O deputado do PS-Madeira na Assembleia da República, Emanuel Câmara, espera que, esta quarta-feira, sejam revertidas as alterações ao Subsídio Social de Mobilidade, as quais discriminam negativamente os madeirenses e os açorianos.

Em conferência de imprensa, realizada hoje no Aeroporto da Madeira, o deputado deu conta que “o facto de, na Assembleia da República, ser debatida a apreciação parlamentar requerida pelo PS ao decreto-lei que introduziu as alterações ao Subsídio de Mobilidade, esperando que os deputados madeirenses e açorianos eleitos por outros partidos se juntem a esta iniciativa para pôr fim a esta discriminação e a este ataque que estava ser “congeminado de forma ardilosa” contra os portugueses que residem nas ilhas.

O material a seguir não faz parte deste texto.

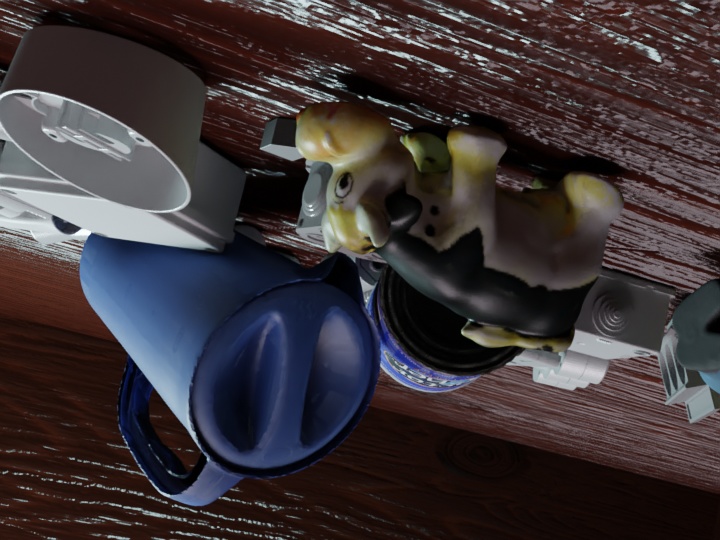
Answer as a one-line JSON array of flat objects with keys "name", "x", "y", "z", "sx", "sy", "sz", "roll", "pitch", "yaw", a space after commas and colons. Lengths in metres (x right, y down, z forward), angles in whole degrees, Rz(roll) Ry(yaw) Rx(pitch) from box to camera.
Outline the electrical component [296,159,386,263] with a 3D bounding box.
[{"name": "electrical component", "x": 0.006, "y": -0.037, "z": 0.589, "sx": 0.080, "sy": 0.051, "sz": 0.080, "roll": 13, "pitch": 170, "yaw": 2}]

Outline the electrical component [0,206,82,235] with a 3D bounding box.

Emanuel Câmara, relativamente a esta iniciativa socialista, explica que é pretendido “reverter as alterações e eliminar a obrigatoriedade de apresentação declarativa de não dívida à Segurança Social e às Finanças, mas também acabar com as penalizações nas viagens ‘one way’, cujo teto passou de 400 para 200 euros”.

Além da apreciação parlamentar, os socialistas irão também apresentar um projeto de alteração com mais nuances, mas Emanuel Câmara ressalva que “o facto de ter sido o PS a tomar a dianteira para resolver estes problemas, ao contrário do PSD e do CDS, que suportam o Governo Regional e o da República e que iam deixando as coisas a andar”.

“Fomos nós que tomámos esta iniciativa e acho que, de uma vez por todas, vamos resolver esse problema”, referiu, acrescentando que “mal seria se os restantes deputados eleitos pela Região, independentemente da sua cor política, não estivessem ao lado do PS nesta alteração à lei”, reiterando que “temos de acreditar que as pessoas estão lá para representar os madeirenses e os porto-santenses e para os defender de forma intransigente”, aditou.

O deputado socialista vincou ainda que “quarta-feira será um dia importante, porque será a oportunidade de acabar com esta discriminação que nos queriam impor, de uma forma sorrateira e com a complacência do Governo Regional da mesma cor política, que não se insurgiu contra esta situação, acrescentando que não está “à espera de outra coisa, que não seja os outros deputados, mesmo os que suportam o poder na Região e a nível nacional, votarem ao nosso lado”.